Recent years have seen a growing trend of hospitals turning against competing hospitals through antitrust lawsuits to address their financial losses suffered in a highly competitive market. These plaintiff hospitals are challenging the legality of exclusive contracts competing hospitals have with independent physician associations ("IPAs") and/or managed care organizations ("MCOs"). Unlike the more typical antitrust complaint in the health care context, in which a physician or group of physicians has challenged practices excluding them from providing care at a hospital or payer network, these plaintiff hospitals argue that their competitor’s exclusive contracting practices have squeezed them out of a significant portion of managed care contracts that bring critical patient volume,especially with regard to private-pay patients.

Examples of these types of cases include St. Luke’s Hospital v. California Pacific Medical Center, et al., (California Superior Court; complaint filed January 14,1999) (case settled in October 2000), Wuesthoff Health Systems v. Health First (Florida Circuit Court; complaint filed July 1999) (case settled December 2000), and Rocky Mountain Medical Center v. St. Mark’s Hospital (Utah District Court; complaint filed August 22,2000) (Rocky Mountain lost a motion for a preliminary injunction in October 2000). Some plaintiff hospitals also have charged their competitors with illegal tying arrangements — using their strength in a particular service to force health plans to contract for all services to the exclusion of other hospitals. Such was the allegation in St. Joseph’s Hospital of Atlanta v. Northside Hospital, Inc. (Georgia Superior Court; complaint filed May 9,2000) (Northside’s motion to dismiss was denied in January 2001). This trend of hospital v. hospital litigation may be troublesome because these cases are surviving dispositive motions.

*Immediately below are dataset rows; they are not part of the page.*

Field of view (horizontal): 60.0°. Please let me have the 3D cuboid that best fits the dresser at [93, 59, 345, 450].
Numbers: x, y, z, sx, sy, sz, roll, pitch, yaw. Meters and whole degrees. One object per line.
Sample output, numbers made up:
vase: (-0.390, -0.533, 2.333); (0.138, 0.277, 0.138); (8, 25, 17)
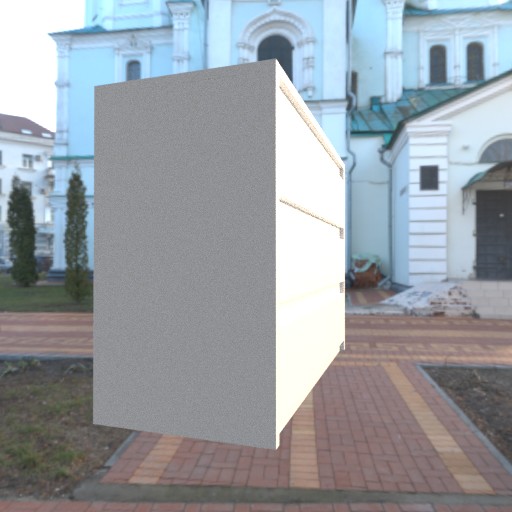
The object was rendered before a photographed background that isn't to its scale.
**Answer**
dresser: (0.000, 0.000, 1.522); (0.460, 0.820, 1.100); (0, -1, 19)
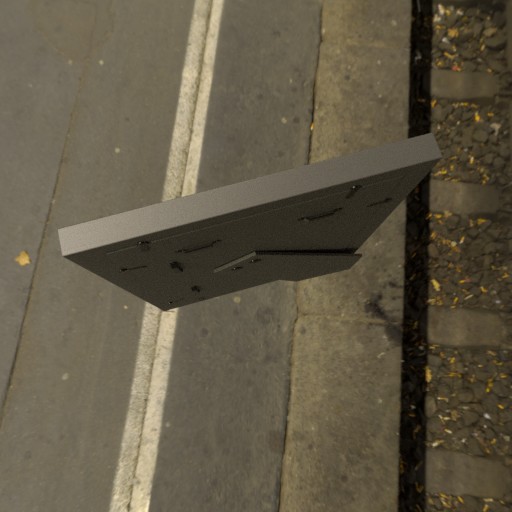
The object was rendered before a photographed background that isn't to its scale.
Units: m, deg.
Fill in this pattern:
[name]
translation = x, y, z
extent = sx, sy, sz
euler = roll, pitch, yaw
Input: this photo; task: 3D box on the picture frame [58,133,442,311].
[picture frame]
translation = 0.000, 0.000, 0.532
extent = 0.307, 0.383, 0.036
euler = -15, 77, -4

The challenged exclusive contracts between hospitals and IPAs or MCOs, sometimes cast as group boycotts by plaintiff hospitals as in Rocky Mountain Medical Center v. St. Mark’s Hospital often are considered to be exclusive dealing arrangements, a type of vertical non-price restraint of trade that may be challenged under Section 1 of the Sherman Act,15 U.S.C.§ 1, or state law equivalent. (In many cases, tying arrangements involve an analysis similar to exclusive dealing arrangements.) Section 1 prohibits unreasonable contracts,combinations, or conspiracies in restraint of trade. Agreements between separate economic actors that have the effect of substantially and unreasonably reducing competition in a particular market may violate Section 1.

Legal Standard

Courts look at agreements in restraint of trade under one of two methods of analysis depending on the nature of the agreement: (1) the per se rule, or (2) the rule of reason. Some practices, such as price-fixing among direct competitors, are so offensive that they are deemed per se illegal and are condemned without further analysis by the courts. On the other hand, conduct that does not injure competition on its face, such as agreements on non-price terms of dealing among suppliers and their customers ("vertical non- price restraints"), requires a more detailed analysis under a standard called the rule of reason.

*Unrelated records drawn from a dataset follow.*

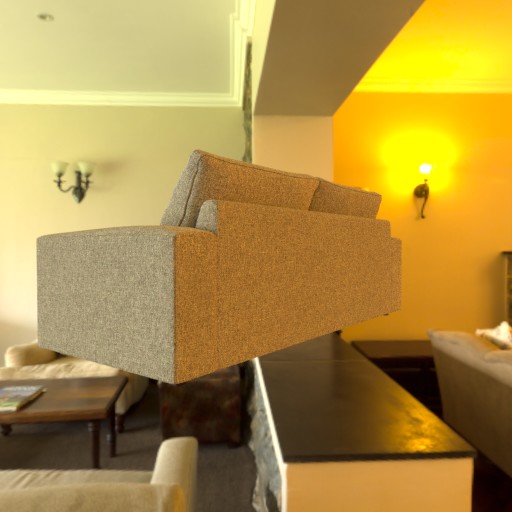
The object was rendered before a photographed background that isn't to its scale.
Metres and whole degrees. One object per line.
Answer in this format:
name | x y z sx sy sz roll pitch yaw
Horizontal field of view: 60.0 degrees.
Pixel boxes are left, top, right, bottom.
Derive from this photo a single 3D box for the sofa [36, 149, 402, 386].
sofa | 0.000 0.000 2.761 1.040 0.922 2.299 1 2 37
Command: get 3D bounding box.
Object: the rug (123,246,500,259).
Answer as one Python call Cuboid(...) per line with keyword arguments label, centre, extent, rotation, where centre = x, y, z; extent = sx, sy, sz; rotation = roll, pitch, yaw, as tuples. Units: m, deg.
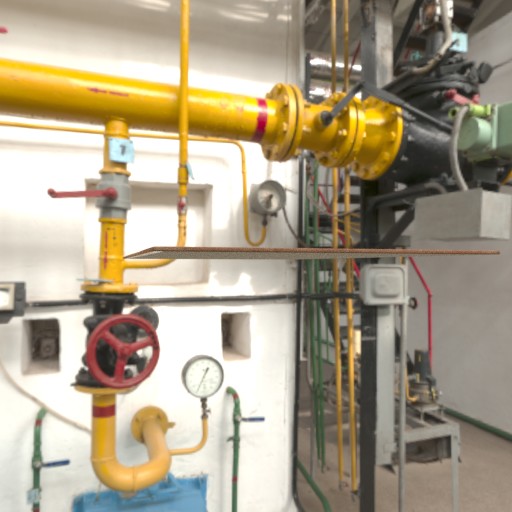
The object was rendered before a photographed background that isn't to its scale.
Cuboid(label="rug", centre=(0.000, 0.000, 2.249), extent=(1.219, 0.014, 1.829), rotation=(0, -1, -19))
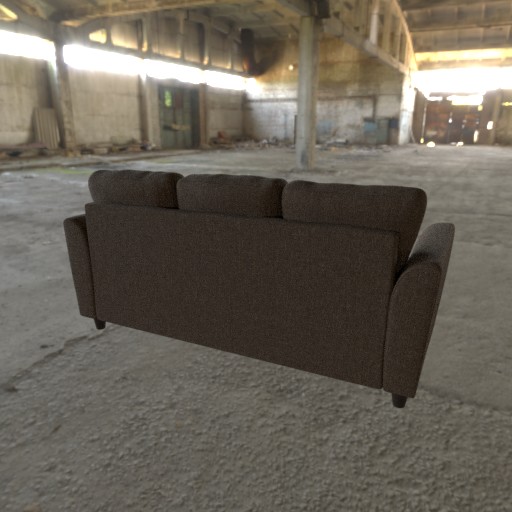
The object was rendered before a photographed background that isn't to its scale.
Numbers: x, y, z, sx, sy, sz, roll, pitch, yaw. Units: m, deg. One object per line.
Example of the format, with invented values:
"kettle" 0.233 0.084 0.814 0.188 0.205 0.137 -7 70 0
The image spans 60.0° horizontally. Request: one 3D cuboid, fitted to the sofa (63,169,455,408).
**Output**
"sofa" 0.000 0.000 2.328 1.847 0.891 0.837 8 18 25
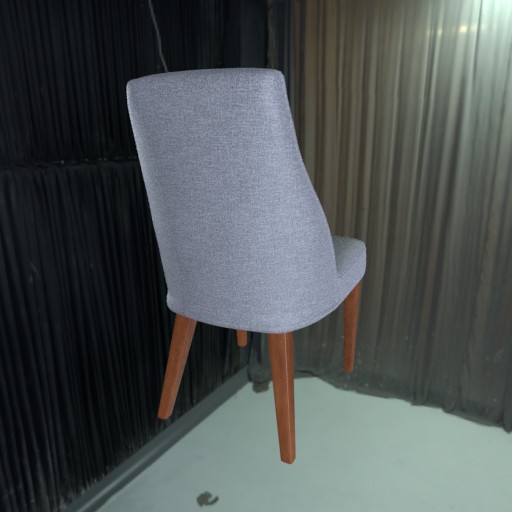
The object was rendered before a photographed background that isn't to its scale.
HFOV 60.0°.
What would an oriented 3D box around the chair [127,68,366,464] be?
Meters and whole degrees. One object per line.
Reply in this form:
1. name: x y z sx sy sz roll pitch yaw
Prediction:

Rule of Reason Standard. Courts recognize that vertical non-price restraints, including exclusive dealing arrangements, have the potential for procompetitive effects and, therefore, have analyzed them under a rule of reason standard. The essential inquiry under a rule of reason analysis is how the challenged conduct affects competition in a relevant market. If the court finds that the restraint is reasonably necessary to achieve procompetitive effects, those benefits are balanced against the anticompetitive effects to determine the net effect on competition. The rule of reason is the most common mode of analysis in Section 1 cases.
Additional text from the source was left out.